● **DATA FOR ANALYSIS**

=== Section Start ===

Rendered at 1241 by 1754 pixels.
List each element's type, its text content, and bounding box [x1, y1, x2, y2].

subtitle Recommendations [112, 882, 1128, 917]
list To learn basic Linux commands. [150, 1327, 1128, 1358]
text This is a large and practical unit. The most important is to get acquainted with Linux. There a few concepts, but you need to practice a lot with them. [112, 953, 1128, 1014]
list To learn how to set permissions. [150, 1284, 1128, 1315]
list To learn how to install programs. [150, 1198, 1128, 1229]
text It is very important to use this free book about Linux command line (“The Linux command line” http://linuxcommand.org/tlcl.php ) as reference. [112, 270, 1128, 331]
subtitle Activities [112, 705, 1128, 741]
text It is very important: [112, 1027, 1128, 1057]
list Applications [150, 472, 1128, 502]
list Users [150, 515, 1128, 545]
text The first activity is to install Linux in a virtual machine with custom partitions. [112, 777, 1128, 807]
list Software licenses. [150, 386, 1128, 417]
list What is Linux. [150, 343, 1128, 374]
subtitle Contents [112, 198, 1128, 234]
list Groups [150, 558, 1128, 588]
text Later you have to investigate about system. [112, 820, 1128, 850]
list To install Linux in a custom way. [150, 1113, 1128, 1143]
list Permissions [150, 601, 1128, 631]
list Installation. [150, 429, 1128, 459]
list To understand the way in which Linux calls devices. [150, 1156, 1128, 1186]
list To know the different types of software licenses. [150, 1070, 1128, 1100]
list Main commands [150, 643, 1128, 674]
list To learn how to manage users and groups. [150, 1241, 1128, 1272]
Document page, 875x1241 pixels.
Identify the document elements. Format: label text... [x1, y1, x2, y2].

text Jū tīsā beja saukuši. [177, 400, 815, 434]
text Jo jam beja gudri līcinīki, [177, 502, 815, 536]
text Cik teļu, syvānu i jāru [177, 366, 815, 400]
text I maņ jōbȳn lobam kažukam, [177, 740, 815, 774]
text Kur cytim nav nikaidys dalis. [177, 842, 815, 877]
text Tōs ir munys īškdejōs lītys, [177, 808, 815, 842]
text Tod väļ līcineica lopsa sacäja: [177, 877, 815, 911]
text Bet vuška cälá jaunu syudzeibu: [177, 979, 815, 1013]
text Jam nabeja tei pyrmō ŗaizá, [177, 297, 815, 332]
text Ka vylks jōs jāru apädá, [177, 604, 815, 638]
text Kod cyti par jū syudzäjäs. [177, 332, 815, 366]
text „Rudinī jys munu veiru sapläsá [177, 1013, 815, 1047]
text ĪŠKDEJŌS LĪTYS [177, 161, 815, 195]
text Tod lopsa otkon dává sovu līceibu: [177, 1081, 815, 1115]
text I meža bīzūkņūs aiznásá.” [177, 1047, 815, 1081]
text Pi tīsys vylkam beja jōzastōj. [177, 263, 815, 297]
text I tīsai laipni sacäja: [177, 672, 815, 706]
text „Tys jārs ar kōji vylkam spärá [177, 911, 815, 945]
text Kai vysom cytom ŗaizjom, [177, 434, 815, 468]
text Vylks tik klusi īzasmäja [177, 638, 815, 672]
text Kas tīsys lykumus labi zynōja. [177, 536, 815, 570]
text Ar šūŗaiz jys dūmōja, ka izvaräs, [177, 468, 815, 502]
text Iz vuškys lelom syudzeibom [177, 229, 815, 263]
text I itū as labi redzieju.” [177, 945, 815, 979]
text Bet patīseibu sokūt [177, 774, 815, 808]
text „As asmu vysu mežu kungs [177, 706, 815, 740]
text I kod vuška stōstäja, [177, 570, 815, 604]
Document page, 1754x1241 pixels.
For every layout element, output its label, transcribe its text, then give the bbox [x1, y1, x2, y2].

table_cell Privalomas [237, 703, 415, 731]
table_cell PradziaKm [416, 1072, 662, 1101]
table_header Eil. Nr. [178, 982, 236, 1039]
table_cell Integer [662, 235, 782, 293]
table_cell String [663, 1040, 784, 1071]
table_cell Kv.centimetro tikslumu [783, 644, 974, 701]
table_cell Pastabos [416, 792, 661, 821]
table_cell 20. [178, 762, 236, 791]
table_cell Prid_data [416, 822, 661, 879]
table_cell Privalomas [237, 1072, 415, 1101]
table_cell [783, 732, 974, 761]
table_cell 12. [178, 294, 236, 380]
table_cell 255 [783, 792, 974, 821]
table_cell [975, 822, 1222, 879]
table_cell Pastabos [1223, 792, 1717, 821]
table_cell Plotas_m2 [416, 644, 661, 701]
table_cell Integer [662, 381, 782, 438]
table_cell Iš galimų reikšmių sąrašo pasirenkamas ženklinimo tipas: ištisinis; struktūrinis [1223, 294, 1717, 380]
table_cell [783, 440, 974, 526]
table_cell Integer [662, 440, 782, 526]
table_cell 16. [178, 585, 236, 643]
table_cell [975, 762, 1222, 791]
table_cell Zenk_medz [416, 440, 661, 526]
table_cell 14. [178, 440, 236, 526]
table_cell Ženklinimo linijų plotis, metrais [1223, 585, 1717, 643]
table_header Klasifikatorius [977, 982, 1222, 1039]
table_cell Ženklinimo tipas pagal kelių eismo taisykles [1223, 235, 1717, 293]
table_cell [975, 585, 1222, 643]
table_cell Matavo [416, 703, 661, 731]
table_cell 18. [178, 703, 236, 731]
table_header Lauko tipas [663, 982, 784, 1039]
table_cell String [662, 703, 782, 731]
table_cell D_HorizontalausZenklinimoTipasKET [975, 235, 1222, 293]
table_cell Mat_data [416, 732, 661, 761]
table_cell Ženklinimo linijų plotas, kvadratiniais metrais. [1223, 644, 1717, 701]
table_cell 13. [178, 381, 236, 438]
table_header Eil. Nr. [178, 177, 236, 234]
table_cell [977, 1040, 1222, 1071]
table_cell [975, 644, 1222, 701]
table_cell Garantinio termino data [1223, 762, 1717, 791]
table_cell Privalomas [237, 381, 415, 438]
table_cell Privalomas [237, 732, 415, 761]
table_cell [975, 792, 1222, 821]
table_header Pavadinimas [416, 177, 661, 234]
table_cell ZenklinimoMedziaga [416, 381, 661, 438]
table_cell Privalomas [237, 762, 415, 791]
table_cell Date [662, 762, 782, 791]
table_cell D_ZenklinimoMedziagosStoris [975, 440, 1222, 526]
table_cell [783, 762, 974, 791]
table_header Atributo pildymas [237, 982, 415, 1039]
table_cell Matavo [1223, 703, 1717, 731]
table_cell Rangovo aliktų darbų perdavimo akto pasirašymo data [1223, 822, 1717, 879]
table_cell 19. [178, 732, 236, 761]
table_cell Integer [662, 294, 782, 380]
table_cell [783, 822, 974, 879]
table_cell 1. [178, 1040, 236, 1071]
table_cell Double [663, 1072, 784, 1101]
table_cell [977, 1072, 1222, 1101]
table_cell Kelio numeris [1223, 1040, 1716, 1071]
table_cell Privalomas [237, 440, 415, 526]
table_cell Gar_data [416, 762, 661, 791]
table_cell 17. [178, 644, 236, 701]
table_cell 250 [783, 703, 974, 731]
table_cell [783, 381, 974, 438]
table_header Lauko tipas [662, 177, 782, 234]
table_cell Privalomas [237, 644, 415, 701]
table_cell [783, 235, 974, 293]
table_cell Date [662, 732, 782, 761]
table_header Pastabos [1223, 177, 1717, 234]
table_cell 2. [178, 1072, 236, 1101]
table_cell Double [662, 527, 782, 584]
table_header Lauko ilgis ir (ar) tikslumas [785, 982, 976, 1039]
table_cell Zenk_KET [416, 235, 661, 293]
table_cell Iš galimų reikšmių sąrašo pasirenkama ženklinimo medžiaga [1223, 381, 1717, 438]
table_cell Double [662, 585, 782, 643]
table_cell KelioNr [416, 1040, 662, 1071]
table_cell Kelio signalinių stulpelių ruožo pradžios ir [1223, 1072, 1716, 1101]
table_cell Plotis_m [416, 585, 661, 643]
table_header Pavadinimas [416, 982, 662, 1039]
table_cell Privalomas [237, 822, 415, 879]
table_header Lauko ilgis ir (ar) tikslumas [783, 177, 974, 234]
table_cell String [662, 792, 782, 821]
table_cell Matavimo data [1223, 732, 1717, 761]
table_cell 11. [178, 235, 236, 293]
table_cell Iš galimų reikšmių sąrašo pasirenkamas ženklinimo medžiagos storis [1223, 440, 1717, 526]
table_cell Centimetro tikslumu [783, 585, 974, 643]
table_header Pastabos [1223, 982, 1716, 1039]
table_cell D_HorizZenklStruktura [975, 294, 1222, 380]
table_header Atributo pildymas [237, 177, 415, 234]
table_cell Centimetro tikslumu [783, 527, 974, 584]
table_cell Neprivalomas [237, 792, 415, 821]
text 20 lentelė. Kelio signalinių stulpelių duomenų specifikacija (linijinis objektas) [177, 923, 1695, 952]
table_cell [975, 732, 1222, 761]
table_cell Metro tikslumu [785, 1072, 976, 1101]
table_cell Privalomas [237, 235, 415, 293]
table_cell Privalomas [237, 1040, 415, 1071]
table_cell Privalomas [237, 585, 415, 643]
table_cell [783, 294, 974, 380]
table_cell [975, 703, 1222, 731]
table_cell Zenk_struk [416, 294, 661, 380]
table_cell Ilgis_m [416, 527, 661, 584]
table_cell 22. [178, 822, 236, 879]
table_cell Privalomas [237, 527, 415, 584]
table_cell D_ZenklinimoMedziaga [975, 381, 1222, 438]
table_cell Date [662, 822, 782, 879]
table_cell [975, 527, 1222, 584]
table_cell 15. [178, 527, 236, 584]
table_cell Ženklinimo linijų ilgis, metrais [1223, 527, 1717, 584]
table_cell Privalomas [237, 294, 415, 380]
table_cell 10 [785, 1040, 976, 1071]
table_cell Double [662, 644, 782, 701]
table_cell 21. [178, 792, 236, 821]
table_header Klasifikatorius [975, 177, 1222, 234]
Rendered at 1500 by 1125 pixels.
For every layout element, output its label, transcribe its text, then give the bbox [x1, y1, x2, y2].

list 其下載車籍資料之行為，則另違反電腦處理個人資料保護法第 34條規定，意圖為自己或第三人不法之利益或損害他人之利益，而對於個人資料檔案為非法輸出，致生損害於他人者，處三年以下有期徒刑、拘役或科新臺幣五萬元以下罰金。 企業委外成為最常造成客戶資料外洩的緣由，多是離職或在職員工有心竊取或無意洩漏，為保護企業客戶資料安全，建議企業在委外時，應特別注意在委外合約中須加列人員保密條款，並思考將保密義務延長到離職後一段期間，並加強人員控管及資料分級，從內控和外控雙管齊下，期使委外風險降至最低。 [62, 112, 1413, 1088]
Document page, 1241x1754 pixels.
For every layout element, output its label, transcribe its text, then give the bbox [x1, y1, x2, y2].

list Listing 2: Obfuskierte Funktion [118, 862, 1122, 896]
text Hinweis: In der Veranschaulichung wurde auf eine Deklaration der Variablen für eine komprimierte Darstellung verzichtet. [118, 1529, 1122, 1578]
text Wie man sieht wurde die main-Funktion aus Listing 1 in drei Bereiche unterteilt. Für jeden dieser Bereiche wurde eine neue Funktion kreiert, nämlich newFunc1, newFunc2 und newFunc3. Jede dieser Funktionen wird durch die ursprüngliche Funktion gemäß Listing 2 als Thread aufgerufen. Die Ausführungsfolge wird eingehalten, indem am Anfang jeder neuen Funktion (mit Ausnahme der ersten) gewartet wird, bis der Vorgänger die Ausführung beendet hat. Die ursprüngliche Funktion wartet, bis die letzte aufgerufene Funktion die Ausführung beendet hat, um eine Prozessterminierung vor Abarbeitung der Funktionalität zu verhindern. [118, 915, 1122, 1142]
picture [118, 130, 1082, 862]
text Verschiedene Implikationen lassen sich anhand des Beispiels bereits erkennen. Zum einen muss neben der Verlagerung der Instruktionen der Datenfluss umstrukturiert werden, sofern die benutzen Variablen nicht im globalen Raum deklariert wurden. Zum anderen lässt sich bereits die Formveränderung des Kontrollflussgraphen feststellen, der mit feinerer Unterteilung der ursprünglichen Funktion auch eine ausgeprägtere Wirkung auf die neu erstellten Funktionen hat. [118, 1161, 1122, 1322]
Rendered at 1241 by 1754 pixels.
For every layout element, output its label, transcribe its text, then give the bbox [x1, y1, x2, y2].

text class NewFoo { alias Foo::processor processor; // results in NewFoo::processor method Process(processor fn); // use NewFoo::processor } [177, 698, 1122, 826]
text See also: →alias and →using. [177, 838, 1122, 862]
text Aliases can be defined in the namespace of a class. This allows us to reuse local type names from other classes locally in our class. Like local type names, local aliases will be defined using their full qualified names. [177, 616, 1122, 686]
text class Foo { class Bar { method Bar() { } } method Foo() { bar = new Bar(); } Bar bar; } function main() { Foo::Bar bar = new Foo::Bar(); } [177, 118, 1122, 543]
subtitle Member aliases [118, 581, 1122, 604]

=== Section End ===

Only the lines above from the line with "table_cell [783, 381, 974, 438]" to the line with "table_cell Plotis_m [416, 585, 661, 643]", those two lines included, should be reproduced exactly.

table_cell [783, 381, 974, 438]
table_header Lauko tipas [662, 177, 782, 234]
table_cell Privalomas [237, 644, 415, 701]
table_cell [783, 235, 974, 293]
table_cell Date [662, 732, 782, 761]
table_header Pastabos [1223, 177, 1717, 234]
table_cell 2. [178, 1072, 236, 1101]
table_cell Double [662, 527, 782, 584]
table_header Lauko ilgis ir (ar) tikslumas [785, 982, 976, 1039]
table_cell Zenk_KET [416, 235, 661, 293]
table_cell Iš galimų reikšmių sąrašo pasirenkama ženklinimo medžiaga [1223, 381, 1717, 438]
table_cell Double [662, 585, 782, 643]
table_cell KelioNr [416, 1040, 662, 1071]
table_cell Kelio signalinių stulpelių ruožo pradžios ir [1223, 1072, 1716, 1101]
table_cell Plotis_m [416, 585, 661, 643]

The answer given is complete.